Alice is the audio rights manager at industry giant Curtis Brown. (CB isn’t the biggest in the industry, but it’s right up there and has a genuinely excellent film & TV arm all of its own.)

As well as selling audio rights on behalf of the agency’s list generally, Alice also has a small list of her own. She’s given us a very helpful interview – see full text below – and anyone who’s writing in the women’s fiction / psychological thriller / domestic noir area should certainly investigate more closely.

In particular, Alice has an interest in horror, as long as the scariness has the quality of creeping dread rather than simply blood and shock. Similarly, she talks about liking thrillers for the ‘darkness and taut writing, rather than in any sort of BOO! way.’
She has a genuine interest in historical – the novels she cites run from the Tudors and even earlier up to Victorian times – and has a love of more serious (Sarah Waters) fiction as well as more commercial work (Ken Follett, Philippa Gregory.)

She doesn’t hold much with the literary / commercial distinction – arguing that strong commercial work tips into the literary and vice versa – and her own list is fairly evenly balanced between the two areas.

She handles almost no non-fiction work and would not be a natural agent for any work in this field.

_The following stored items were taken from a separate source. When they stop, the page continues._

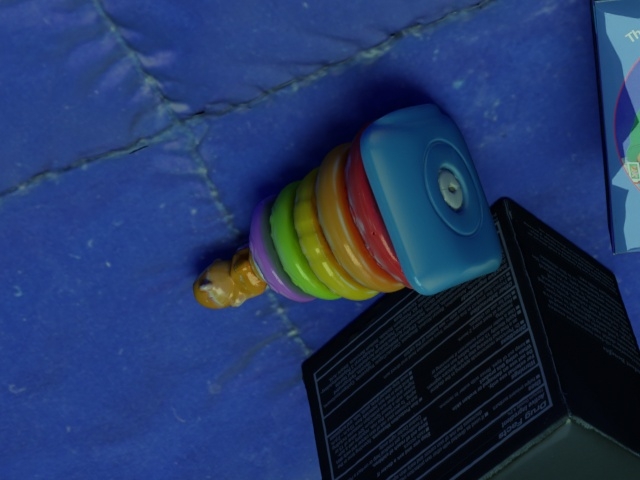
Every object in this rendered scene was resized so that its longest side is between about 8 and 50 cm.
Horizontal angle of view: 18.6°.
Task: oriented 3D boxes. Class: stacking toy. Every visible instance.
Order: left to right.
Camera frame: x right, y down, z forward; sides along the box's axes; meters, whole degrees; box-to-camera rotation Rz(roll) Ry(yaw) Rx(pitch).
[{"bbox_3d":[0.000,0.000,1.802,0.302,0.165,0.175,-22,177,33],"label":"stacking toy"}]

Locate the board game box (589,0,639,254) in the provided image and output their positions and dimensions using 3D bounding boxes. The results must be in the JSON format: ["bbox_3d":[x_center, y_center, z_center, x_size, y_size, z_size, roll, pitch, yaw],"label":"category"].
[{"bbox_3d":[0.417,-0.123,1.699,0.347,0.078,0.233,-5,108,6],"label":"board game box"}]

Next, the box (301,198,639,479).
[{"bbox_3d":[0.156,0.179,1.869,0.183,0.294,0.296,33,120,-31],"label":"box"}]
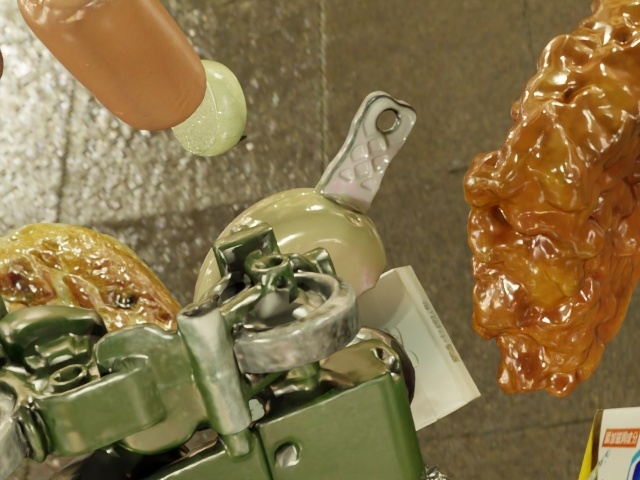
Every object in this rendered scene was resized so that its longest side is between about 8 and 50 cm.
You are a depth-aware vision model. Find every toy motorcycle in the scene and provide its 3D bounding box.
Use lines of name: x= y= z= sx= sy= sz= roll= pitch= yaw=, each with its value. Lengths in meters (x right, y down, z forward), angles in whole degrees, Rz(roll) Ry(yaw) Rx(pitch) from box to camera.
toy motorcycle: x=-0.071 y=0.106 z=0.658 sx=0.275 sy=0.205 sz=0.127 roll=-19 pitch=24 yaw=-12

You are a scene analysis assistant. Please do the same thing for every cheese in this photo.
cheese: x=0.000 y=0.000 z=1.165 sx=0.286 sy=0.163 sz=0.082 roll=-57 pitch=32 yaw=11

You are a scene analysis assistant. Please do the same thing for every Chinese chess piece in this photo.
Chinese chess piece: x=-0.099 y=-0.115 z=1.138 sx=0.034 sy=0.084 sz=0.084 roll=-16 pitch=45 yaw=-39

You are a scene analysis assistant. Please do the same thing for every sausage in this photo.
sausage: x=-0.059 y=-0.058 z=0.386 sx=0.034 sy=0.083 sz=0.034 roll=-4 pitch=71 yaw=13

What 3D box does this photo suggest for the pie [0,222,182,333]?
pie: x=-0.271 y=0.105 z=1.480 sx=0.315 sy=0.092 sz=0.315 roll=21 pitch=42 yaw=-20

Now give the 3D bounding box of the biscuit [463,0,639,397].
biscuit: x=0.236 y=-0.054 z=1.106 sx=0.111 sy=0.312 sz=0.318 roll=23 pitch=54 yaw=28

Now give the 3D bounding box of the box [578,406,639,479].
box: x=0.232 y=0.186 z=0.765 sx=0.097 sy=0.265 sz=0.168 roll=18 pitch=80 yaw=-7

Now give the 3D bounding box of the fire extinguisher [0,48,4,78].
fire extinguisher: x=-0.196 y=-0.094 z=0.620 sx=0.100 sy=0.032 sz=0.046 roll=3 pitch=91 yaw=19

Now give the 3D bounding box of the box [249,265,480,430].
box: x=0.019 y=0.148 z=1.326 sx=0.243 sy=0.067 sz=0.155 roll=-29 pitch=83 yaw=16

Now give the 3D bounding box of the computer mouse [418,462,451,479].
computer mouse: x=0.068 y=0.289 z=1.260 sx=0.099 sy=0.057 sz=0.172 roll=36 pitch=85 yaw=30
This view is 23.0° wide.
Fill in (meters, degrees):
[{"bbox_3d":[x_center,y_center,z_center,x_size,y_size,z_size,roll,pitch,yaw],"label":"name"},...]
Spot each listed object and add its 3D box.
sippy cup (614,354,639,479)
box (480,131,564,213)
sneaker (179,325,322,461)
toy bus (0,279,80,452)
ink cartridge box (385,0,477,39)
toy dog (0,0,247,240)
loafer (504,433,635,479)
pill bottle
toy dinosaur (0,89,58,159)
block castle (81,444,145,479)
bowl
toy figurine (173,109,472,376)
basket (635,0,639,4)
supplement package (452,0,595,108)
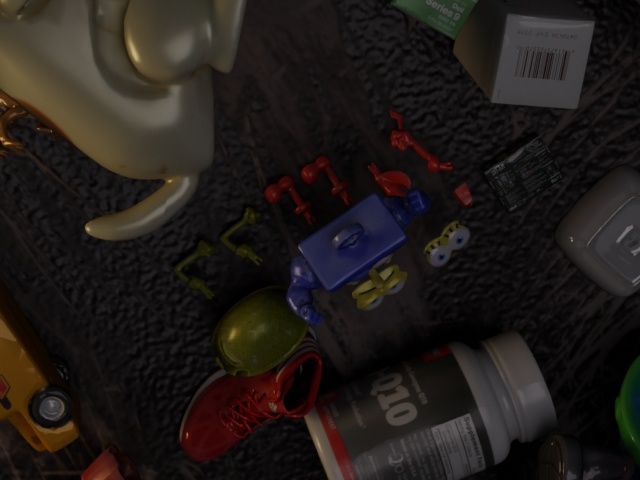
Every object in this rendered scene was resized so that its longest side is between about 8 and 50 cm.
[{"bbox_3d":[0.464,0.271,1.962,0.305,0.240,0.224,-13,144,-15],"label":"sippy cup"},{"bbox_3d":[0.248,-0.082,1.931,0.083,0.018,0.067,-34,110,1],"label":"box"},{"bbox_3d":[-0.084,0.196,1.898,0.087,0.128,0.221,37,97,-19],"label":"sneaker"},{"bbox_3d":[-0.405,0.105,1.819,0.130,0.108,0.333,-30,110,0],"label":"toy bus"},{"bbox_3d":[0.150,-0.347,1.756,0.093,0.154,0.212,26,101,-17],"label":"ink cartridge box"},{"bbox_3d":[-0.297,-0.223,1.661,0.408,0.284,0.395,10,105,-7],"label":"toy dog"},{"bbox_3d":[0.297,0.303,1.927,0.095,0.302,0.109,3,72,-7],"label":"loafer"},{"bbox_3d":[0.133,0.220,1.931,0.283,0.161,0.161,-22,110,-4],"label":"pill bottle"},{"bbox_3d":[-0.357,-0.156,1.782,0.211,0.064,0.112,13,73,-10],"label":"toy dinosaur"},{"bbox_3d":[-0.142,0.477,1.886,0.213,0.303,0.453,-37,111,1],"label":"block castle"},{"bbox_3d":[0.380,-0.005,1.964,0.142,0.053,0.142,41,98,-19],"label":"bowl"},{"bbox_3d":[0.000,0.000,1.776,0.362,0.217,0.191,-32,86,0],"label":"toy figurine"},{"bbox_3d":[0.453,-0.368,1.717,0.266,0.328,0.331,-42,110,6],"label":"basket"},{"bbox_3d":[0.228,-0.230,1.791,0.105,0.179,0.105,2,114,-12],"label":"supplement package"}]
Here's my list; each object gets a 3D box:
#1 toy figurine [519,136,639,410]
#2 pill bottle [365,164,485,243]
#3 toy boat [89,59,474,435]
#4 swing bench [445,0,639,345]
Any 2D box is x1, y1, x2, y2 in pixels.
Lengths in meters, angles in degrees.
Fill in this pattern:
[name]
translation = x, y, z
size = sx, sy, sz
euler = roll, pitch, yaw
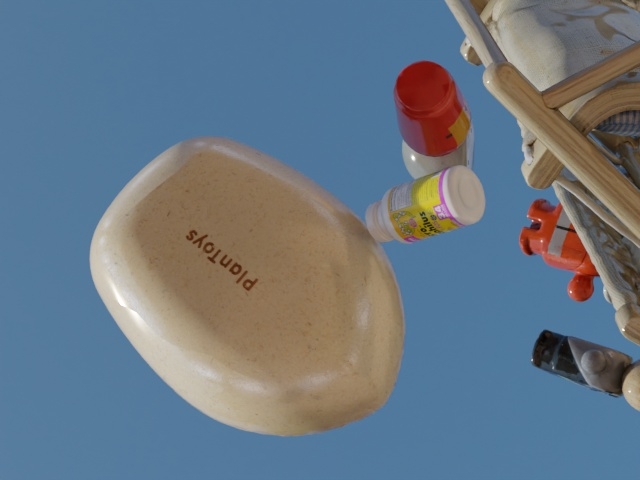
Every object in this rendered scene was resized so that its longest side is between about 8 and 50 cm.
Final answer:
[toy figurine]
translation = 0.286, 0.028, 1.549
size = 0.213, 0.148, 0.209
euler = -37, -49, -41
[pill bottle]
translation = 0.073, -0.023, 1.276
size = 0.043, 0.083, 0.043
euler = 22, -120, -43
[toy boat]
translation = 0.000, 0.000, 1.362
size = 0.318, 0.267, 0.148
euler = -43, -23, -6
[swing bench]
translation = 0.197, -0.074, 1.084
size = 0.165, 0.253, 0.254
euler = -27, -65, 6
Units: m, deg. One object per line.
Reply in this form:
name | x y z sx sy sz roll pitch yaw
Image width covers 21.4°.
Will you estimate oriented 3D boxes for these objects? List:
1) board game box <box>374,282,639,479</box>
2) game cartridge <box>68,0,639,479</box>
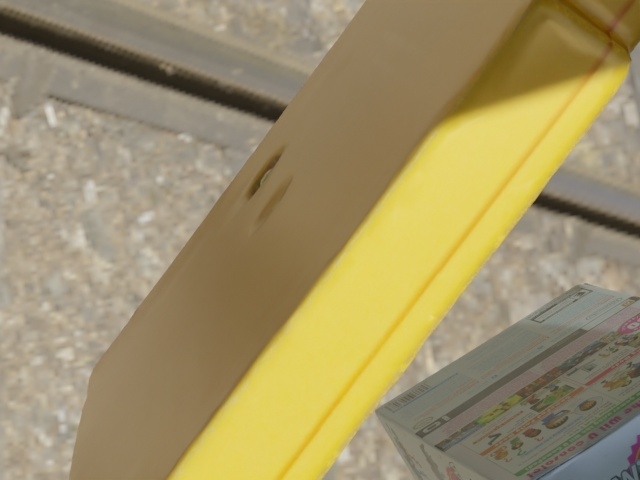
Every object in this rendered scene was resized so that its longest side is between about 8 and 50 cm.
board game box | 0.200 0.140 1.316 0.224 0.303 0.097 -31 102 -11
game cartridge | 0.000 0.000 0.662 0.053 0.285 0.323 36 7 -12
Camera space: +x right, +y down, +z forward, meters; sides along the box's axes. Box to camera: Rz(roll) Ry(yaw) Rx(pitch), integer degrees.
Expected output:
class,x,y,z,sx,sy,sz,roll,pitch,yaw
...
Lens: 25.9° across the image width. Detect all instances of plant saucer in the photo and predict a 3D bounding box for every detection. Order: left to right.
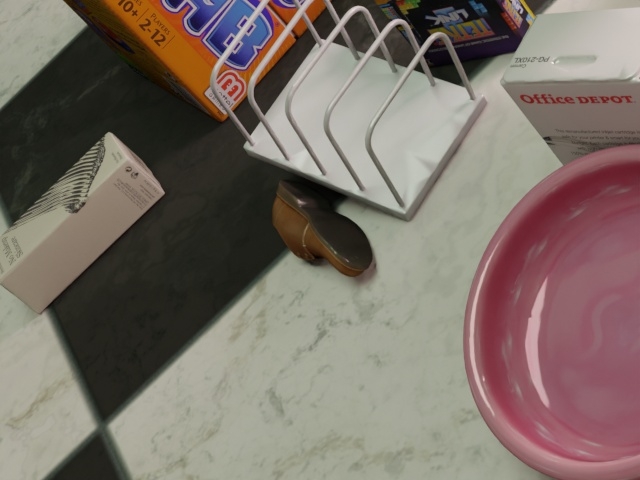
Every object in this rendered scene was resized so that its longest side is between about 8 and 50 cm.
class,x,y,z,sx,sy,sz,roll,pitch,yaw
plant saucer,0.291,0.074,1.328,0.332,0.084,0.332,-20,59,38

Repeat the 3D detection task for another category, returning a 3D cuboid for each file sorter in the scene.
class,x,y,z,sx,sy,sz,roll,pitch,yaw
file sorter,0.028,-0.188,1.763,0.277,0.173,0.193,24,72,35

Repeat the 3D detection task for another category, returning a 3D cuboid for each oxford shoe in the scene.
class,x,y,z,sx,sy,sz,roll,pitch,yaw
oxford shoe,0.000,0.000,1.773,0.212,0.076,0.076,46,121,52

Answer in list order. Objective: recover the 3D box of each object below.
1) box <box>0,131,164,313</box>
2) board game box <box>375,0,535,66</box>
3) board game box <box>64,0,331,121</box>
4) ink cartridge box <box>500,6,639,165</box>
class,x,y,z,sx,sy,sz,roll,pitch,yaw
box,-0.378,-0.028,2.133,0.275,0.094,0.113,-44,37,1
board game box,0.176,-0.298,1.811,0.170,0.141,0.048,-5,50,42
board game box,-0.223,-0.469,2.189,0.356,0.356,0.356,-49,36,-5
ink cartridge box,0.321,-0.123,1.414,0.172,0.237,0.100,5,59,47

If you have a particular interest in getting an audio version of your novel, you do NOT need to seek out a specialist such as Alice, because (a) many regular agencies will be able to handle the audio sales themselves and (b) where that is not the case, your publisher will be able to arrange the sale on your behalf. In short: get the book properly sold to the right publisher, and the audio rights will take care of themselves.



Detailed data

Agency:
Curtis Brown Group
Agent since:
2013
Short biography:

I have worked at Curtis Brown since 2003, fresh from completing my English degree at Edinburgh University. I am the Audio Manager responsible for handling all the sales of our titles to independent audio publishers. It is an exciting time for audio in this market which is so geared towards download sales. Audiobooks are the way forward now that we are all so busy with our lives and love to multi-task... I also have my own list of authors, varying from zesty commercial women's fiction to surreal fantasy fiction to handbooks on how to survive in a war zone! I am always on the look-out for new fiction with an edge, whether it be commerical or offbeat.

Client list status:
Keen to build client list
Genres this agent is interested in:
Young adult fiction, Women's fiction, Science fiction, Paranormal romance, Horror, Historical fiction, Genre romance, Fantasy, Crime, thriller, action, General Fiction, Literary Fiction
Authors & books liked:

Rosamund Lupton is a favourite of mine in the thriller/women's category. I've just been reading her new one THE QUALITY OF SILENCE, due out later this year, and it is so intensely powerful. The thriller element is in the darkness and taut writing, rather than in any sort of BOO! way. I actually represent an author who has written this exact sort of thrilling novel, due out this year as well. Sadie Jones is completely fantastic, so evocative. Rose Tremain...Marian Keyes... sorry, too many to count!

Other loves & passions:

It is not particularly 'unpredictable' but I love families, sisters especially. I find the bond fascinating, maybe because I have 2 sisters. I love but hate fiction about children missing or in horrible situations because I am a mother of young children- I feel as though reading it will ensure it doesn't happen to me. The familiar 'it won't happen to me/us' refrain.

How to make a submission:
Agency Standard
Other advice and background:

A Q&A with Alice Lutyens

Q. What books/authors do you love in commercial fiction? (Crime, women’s) Give us some examples and say why you liked these books/authors.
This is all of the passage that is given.